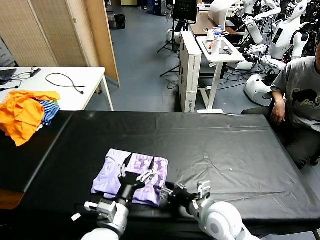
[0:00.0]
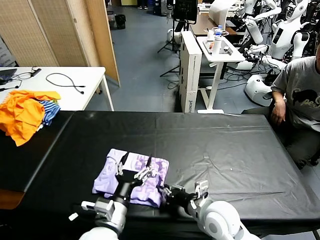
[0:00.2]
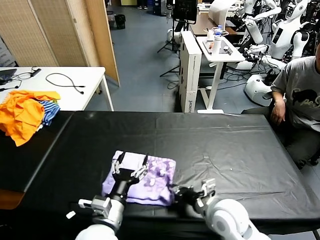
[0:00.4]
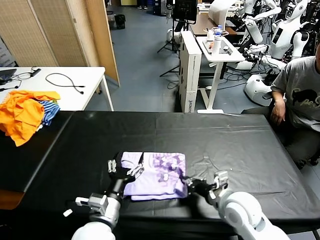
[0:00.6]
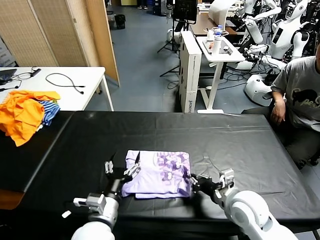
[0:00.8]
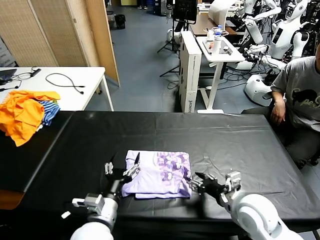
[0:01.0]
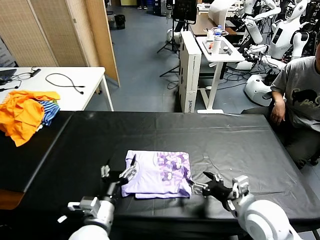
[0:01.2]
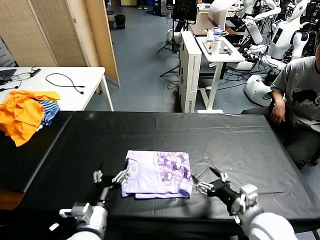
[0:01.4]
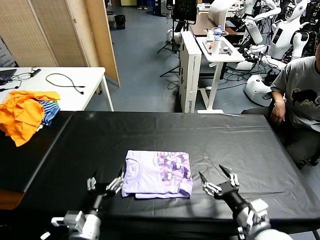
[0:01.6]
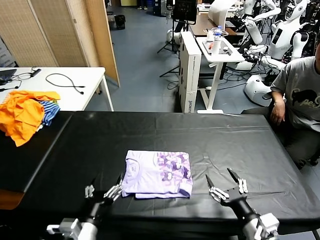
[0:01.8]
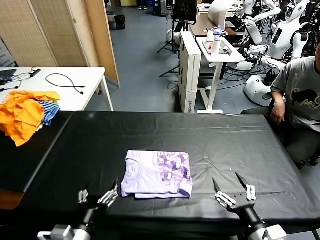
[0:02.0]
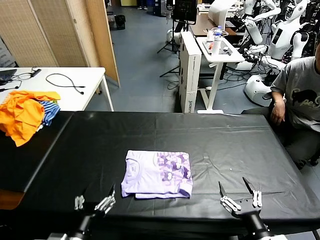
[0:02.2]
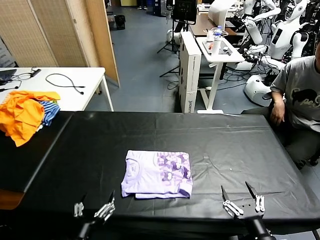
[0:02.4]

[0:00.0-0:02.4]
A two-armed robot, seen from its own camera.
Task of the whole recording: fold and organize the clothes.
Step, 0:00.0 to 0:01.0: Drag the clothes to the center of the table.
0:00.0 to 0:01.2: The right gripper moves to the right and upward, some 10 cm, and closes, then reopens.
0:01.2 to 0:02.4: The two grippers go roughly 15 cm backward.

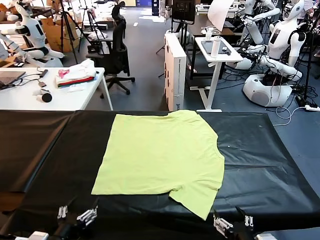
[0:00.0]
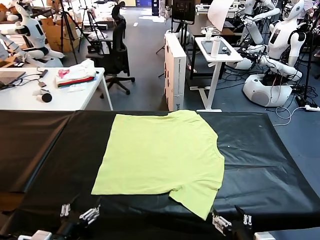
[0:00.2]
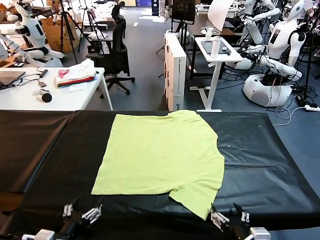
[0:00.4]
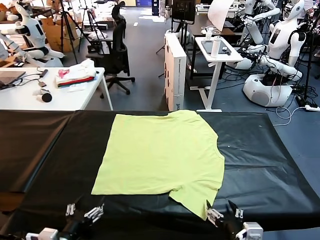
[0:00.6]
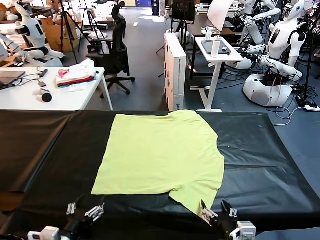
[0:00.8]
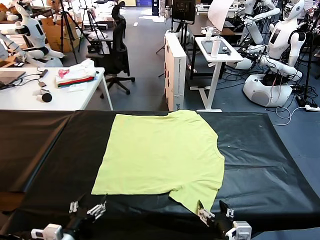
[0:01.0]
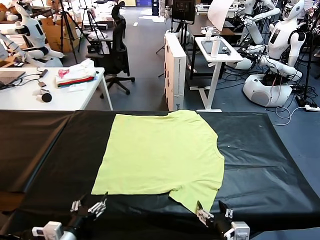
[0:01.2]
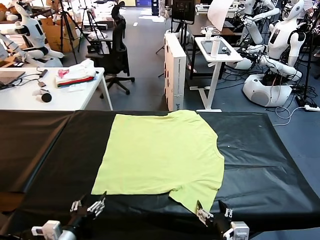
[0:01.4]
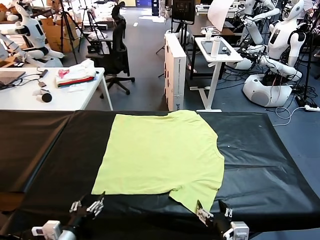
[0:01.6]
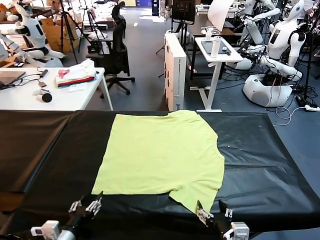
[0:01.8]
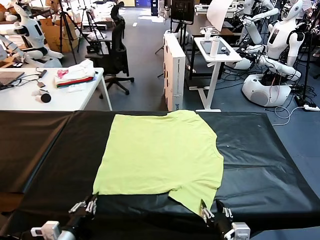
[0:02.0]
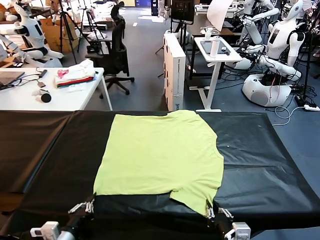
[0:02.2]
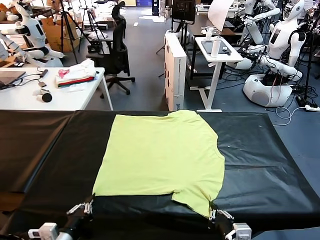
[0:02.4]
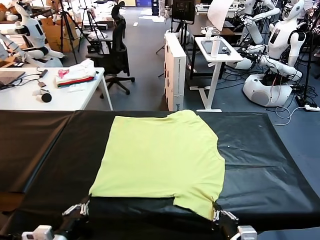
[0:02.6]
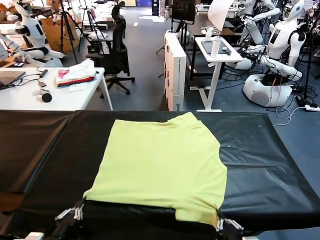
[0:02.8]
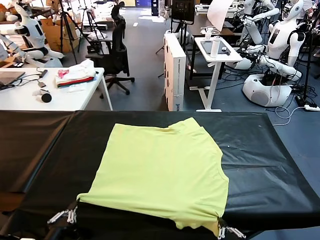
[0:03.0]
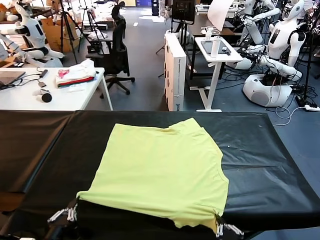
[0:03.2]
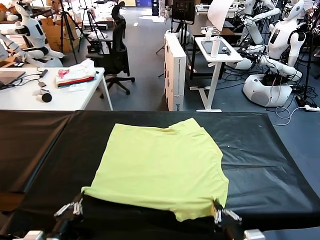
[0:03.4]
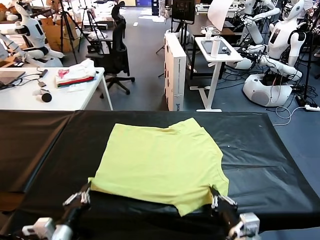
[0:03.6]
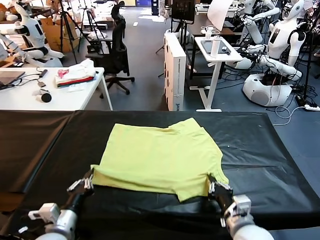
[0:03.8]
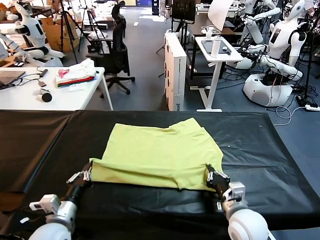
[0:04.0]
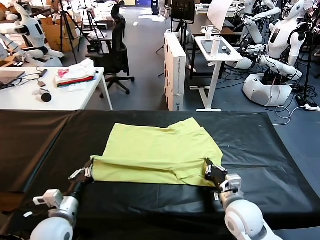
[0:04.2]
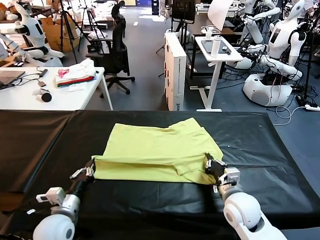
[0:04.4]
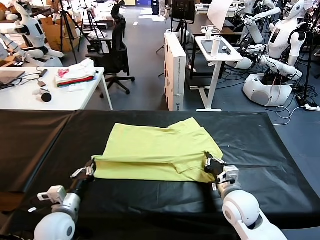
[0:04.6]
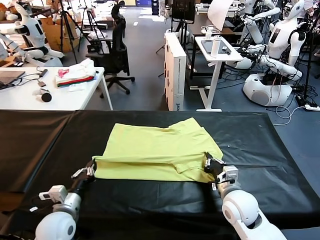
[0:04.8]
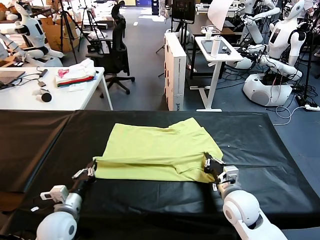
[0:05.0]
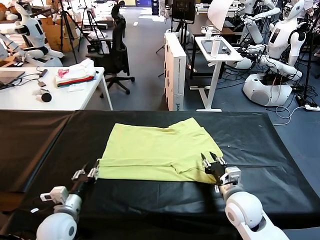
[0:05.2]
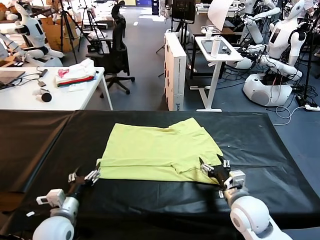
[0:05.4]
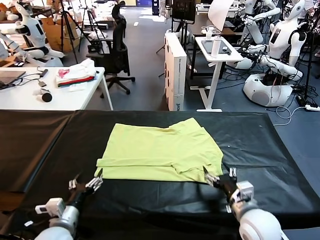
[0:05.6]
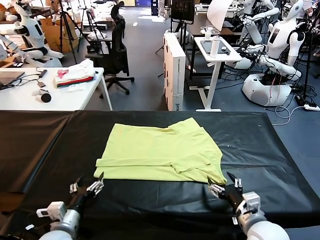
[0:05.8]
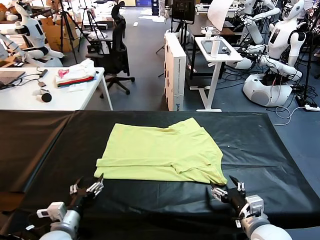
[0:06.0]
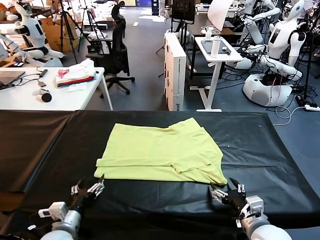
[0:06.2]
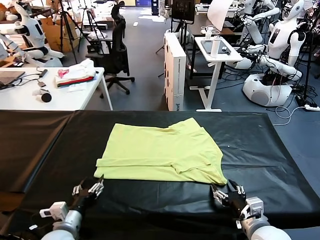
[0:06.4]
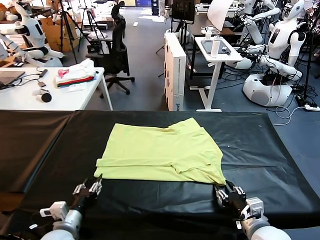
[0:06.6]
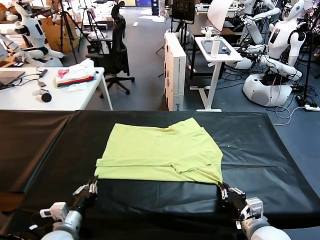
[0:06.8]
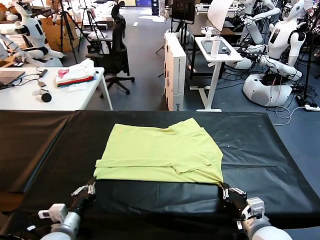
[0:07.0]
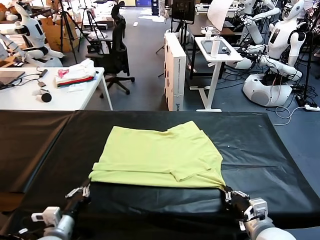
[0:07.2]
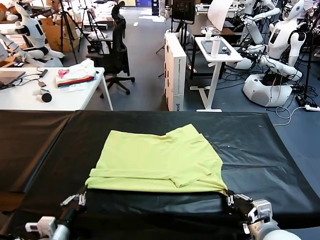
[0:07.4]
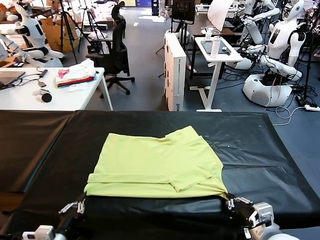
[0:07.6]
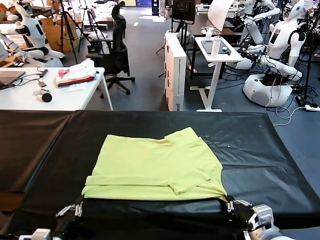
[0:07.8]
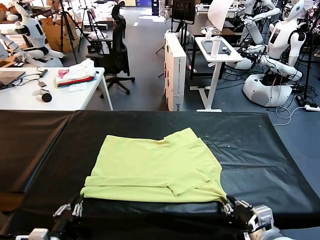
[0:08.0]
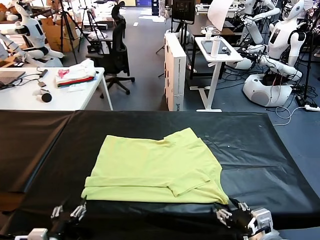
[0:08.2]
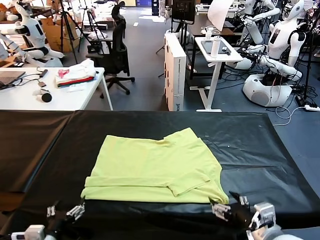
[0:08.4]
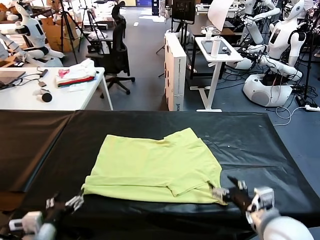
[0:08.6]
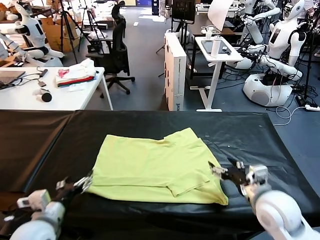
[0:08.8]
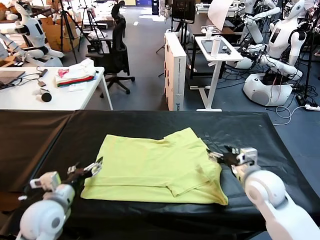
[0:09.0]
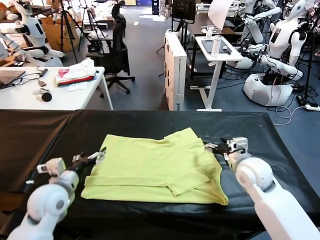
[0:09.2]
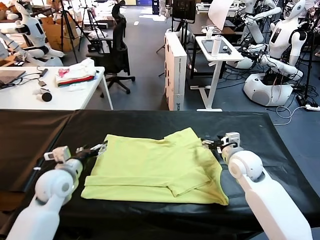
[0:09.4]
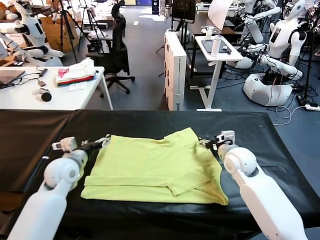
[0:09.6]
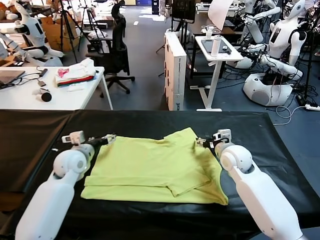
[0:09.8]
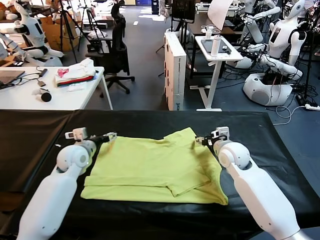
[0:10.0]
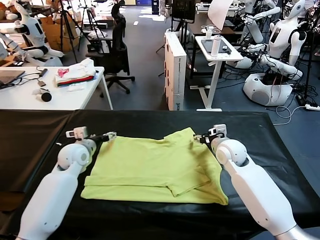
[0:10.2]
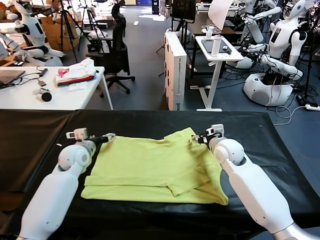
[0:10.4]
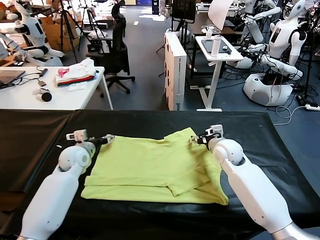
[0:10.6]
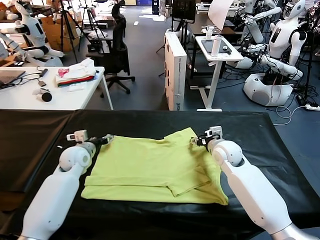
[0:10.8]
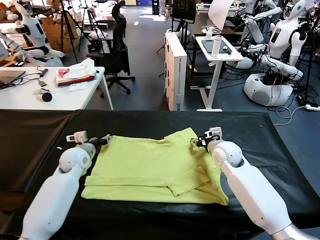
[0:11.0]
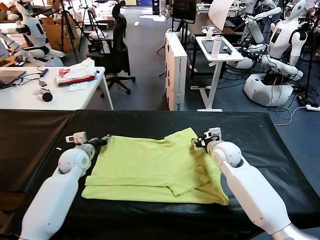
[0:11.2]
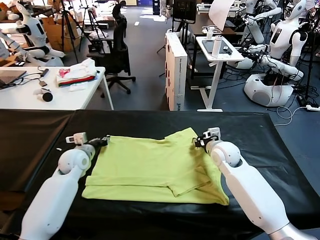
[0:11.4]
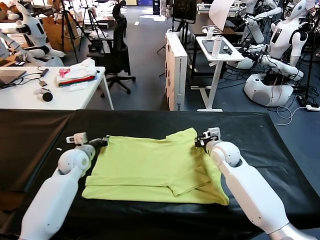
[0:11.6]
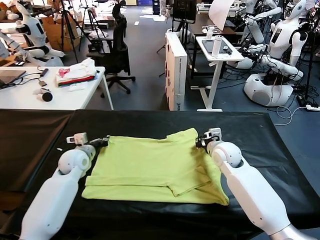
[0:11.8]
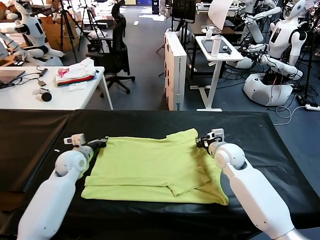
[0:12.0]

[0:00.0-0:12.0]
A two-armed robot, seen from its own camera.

* EXERCISE DIRECTIONS *
Reproduce the lines above exactly, image-free.

* THE COMPLETED TASK *
[0:00.0]
[0:00.2]
[0:00.4]
[0:00.6]
[0:00.8]
[0:01.0]
[0:01.2]
[0:01.4]
[0:01.6]
[0:01.8]
[0:02.0]
[0:02.2]
[0:02.4]

[0:00.0-0:02.4]
A two-armed robot, seen from its own camera.
Task of the whole recording: fold and organize the clothes.
Step, 0:00.0 to 0:01.0: Drag the clothes to the center of the table.
0:00.0 to 0:01.2: The right gripper moves to the right and upward, some 10 cm, and closes, then reopens.
0:01.2 to 0:02.4: The two grippers go roughly 15 cm backward.

[0:00.0]
[0:00.2]
[0:00.4]
[0:00.6]
[0:00.8]
[0:01.0]
[0:01.2]
[0:01.4]
[0:01.6]
[0:01.8]
[0:02.0]
[0:02.2]
[0:02.4]
[0:02.6]
[0:02.8]
[0:03.0]
[0:03.2]
[0:03.4]
[0:03.6]
[0:03.8]
[0:04.0]
[0:04.2]
[0:04.4]
[0:04.6]
[0:04.8]
[0:05.0]
[0:05.2]
[0:05.4]
[0:05.6]
[0:05.8]
[0:06.0]
[0:06.2]
[0:06.4]
[0:06.6]
[0:06.8]
[0:07.0]
[0:07.2]
[0:07.4]
[0:07.6]
[0:07.8]
[0:08.0]
[0:08.2]
[0:08.4]
[0:08.6]
[0:08.8]
[0:09.0]
[0:09.2]
[0:09.4]
[0:09.6]
[0:09.8]
[0:10.0]
[0:10.2]
[0:10.4]
[0:10.6]
[0:10.8]
[0:11.0]
[0:11.2]
[0:11.4]
[0:11.6]
[0:11.8]
[0:12.0]

[0:00.0-0:12.0]
A two-armed robot, seen from its own camera.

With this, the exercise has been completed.